8.Bölüm

9.9K 921 658
                                    

Yorum ve küçük
⭐Yıldızınızı
lütfen esirgemeyin..

Keyifli Okumalar
dilerim

***

Akşam üstü Feyza ile telefonlaşıp aynı anda eve gelmek için sözleşmiştik. Konuşacak o kadar çok konumuz birikmişti ki işten eve taksiyle dönerken hiç üşenmeyip, telefonumun not kısmına Feyza'ya söyleyeceğim ve soracağım soruları bir bir not almıştım.

Sonuçta biz kadınlar, küçük bir ayrıntıyı bile atlamayı sevmeyiz.

Feyza ile taksi durağında buluşup, akşam yemeğini yemek için bizim eve geçtik. Mahallemiz ile durak arasında fazla mesafe olmadığı için maalesef sorularımı eve saklamak zorunda kaldım. Tam eve girdik, daha rahat konuşuruz derken bu sefer de annemin sofrayı hazırlıyor oluşunu görünce yine susmak zorunda kalmıştım. Feyza ile beraber ellerimizi yıkadıktan sonra anneme sofrayı kurmaya yardımcı olmuş, sonunda hep beraber masaya oturmuştuk.

Muhabbetler eşliğinde yediğimiz yemekte yine Feyza'ya soru soramayacağımı düşünsemde neyse ki babam, konuyu çocukların okul mevzusuna getirdiğinde konumuz bir anda değişti. Bunun fırsatıyla sinsice gülümseyerek çaktırmadan yanımda oturan Feyza'ya doğru yanaştım ama sessiz sedalı sorular soruşum, malesef ki terminatör annemin dikkatini oldukça çekmişti.

Neyse ki annem, babamın yanında pot kırmamak için açık ve net sorular soramamıştı. Tabi bu durum sofrayı toplarken geçerli değildi. Mutfak ve salon arasında resmen annem ile beraber kedinin fareyi kovalarcasına birbirimizi kovalamış ve annem sayesinde iyi bir akşam sporu yapmıştık.

Ailecek çay keyfi yapacağımız saat geldiğinde ise sonunda annemi babamın yanına zar zor oturtup, bunun fırsatıyla birazda olsa nefes alabilmiştim. Elimdeki çay tepsisi ile salona girip, babama doğru ilerledim. "Buyur babacığım" diyerek, elimdeki çay tepsisini televizyon izleyen babama doğru uzattığımda bakışlarını hemen televizyondan çekip, içten bir şekilde bana bakarak gülümsedi.

"Sağolasın, güzel kızım benim"
diyerek uzattığım tepsiden çayını alırken, bende aynı şekilde gülümsedim. "Afiyet olsun" diyerek geri çekildiğimde, sıra anneme gelmişti. Anneme döndüğümde gözlerini kısarak tepsideki çayına uzandı. "Sağ ol annemm" diyerek 'm' harfine vurgu yaparak uzatıyor oluşu, bana alttan gizli bir mesaj veriyor olmasından ibaretti. Duruşu sakin bakışları ise adeta; 'ben senin hesabını sonra keseceğim' diyen bebek yüzlü katili anımsatıyordu.

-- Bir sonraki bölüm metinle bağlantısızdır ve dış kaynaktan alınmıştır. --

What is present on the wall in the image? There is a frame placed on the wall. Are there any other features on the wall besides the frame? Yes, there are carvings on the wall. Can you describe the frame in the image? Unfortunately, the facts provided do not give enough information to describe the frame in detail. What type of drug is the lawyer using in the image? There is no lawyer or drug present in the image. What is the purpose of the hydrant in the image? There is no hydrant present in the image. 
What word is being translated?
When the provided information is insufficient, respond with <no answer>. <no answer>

Anneme gülümseyerek afiyet olsun dedikten sonra Metin ve Tekin'in de çaylarını verip, en son benim ve Feyza'nın çayını alarak odama kaçabilmiş ve annemin soru azabından şimdilik de olsa kurtulabilmiştim.

Anneme şimdi aşık oldum falan desem, net bir şekilde adamın TC kimlik numarasına kadar her şeyini öğrenmek isteyecekti. Hayır yani bilsem sorun değil söylerdim...

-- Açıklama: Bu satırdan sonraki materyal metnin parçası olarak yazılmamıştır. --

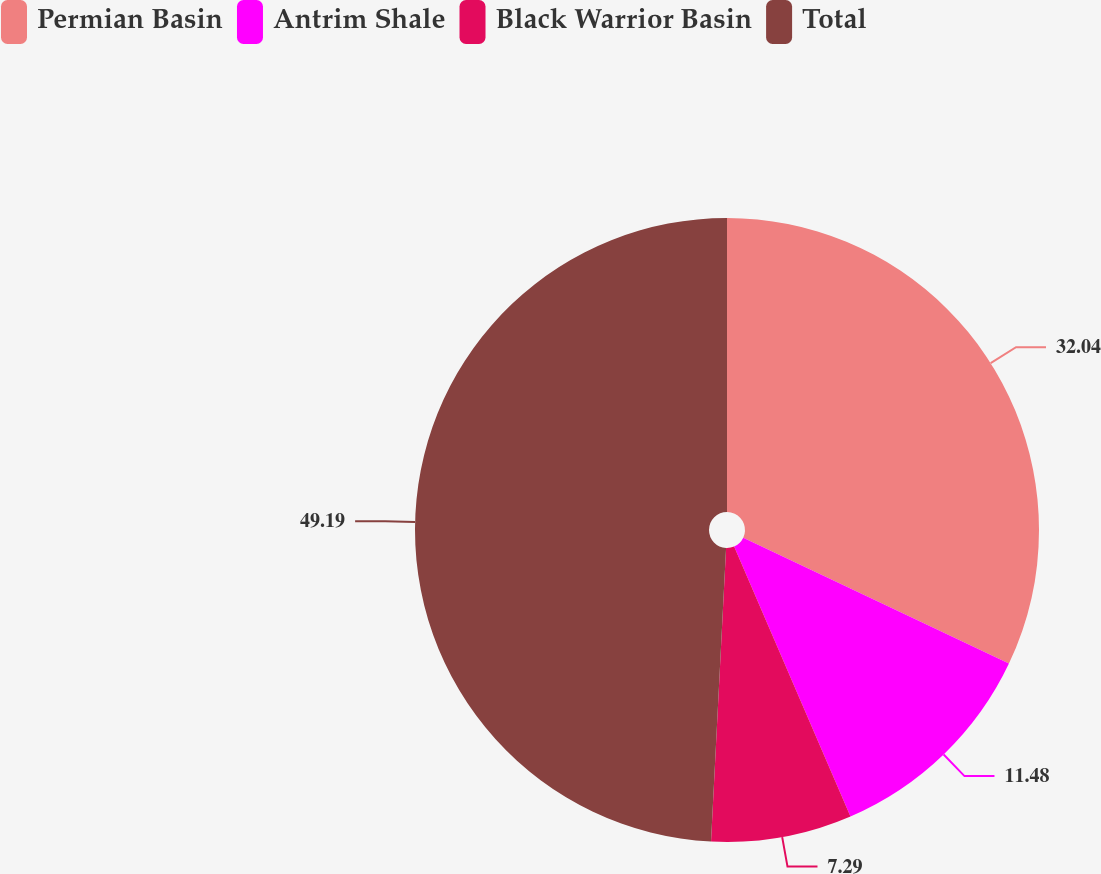<chart> <loc_0><loc_0><loc_500><loc_500><pie_chart><fcel>Permian Basin<fcel>Antrim Shale<fcel>Black Warrior Basin<fcel>Total<nl><fcel>32.04%<fcel>11.48%<fcel>7.29%<fcel>49.18%<nl></chart> 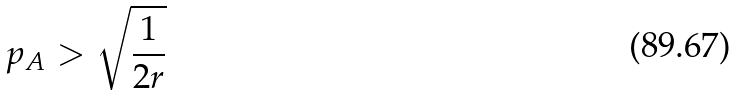<formula> <loc_0><loc_0><loc_500><loc_500>p _ { A } > \sqrt { \frac { 1 } { 2 r } }</formula>

Şu an ise odamda yatağımın üzerinde, Feyza'nın bugünkü komik hikayesini dinlerken bilmem kaçıncı kez gülmekten yataktan düşünce, ortak bir kararla yerdeki minderlerin üzerinde oturmaya karar verdik. Beraber marketten aldığımız çekirdek ve cipsleri hunharca yerken, arada nefes alabilmek için çayımdan bir kaç yudum alıyordum.

Daha doğrusu gülmekten boğulmamak için çayımı yudumlamaya çalışıyordum...

Feyza ortadaki tepsiden çay bardağına uzanırken, bana sinirle söylendi. "Gülme artık ya ! Vallahi bak, sinirim daha çok bozuluyor." Dediği zaman daha çok gülesim geldi.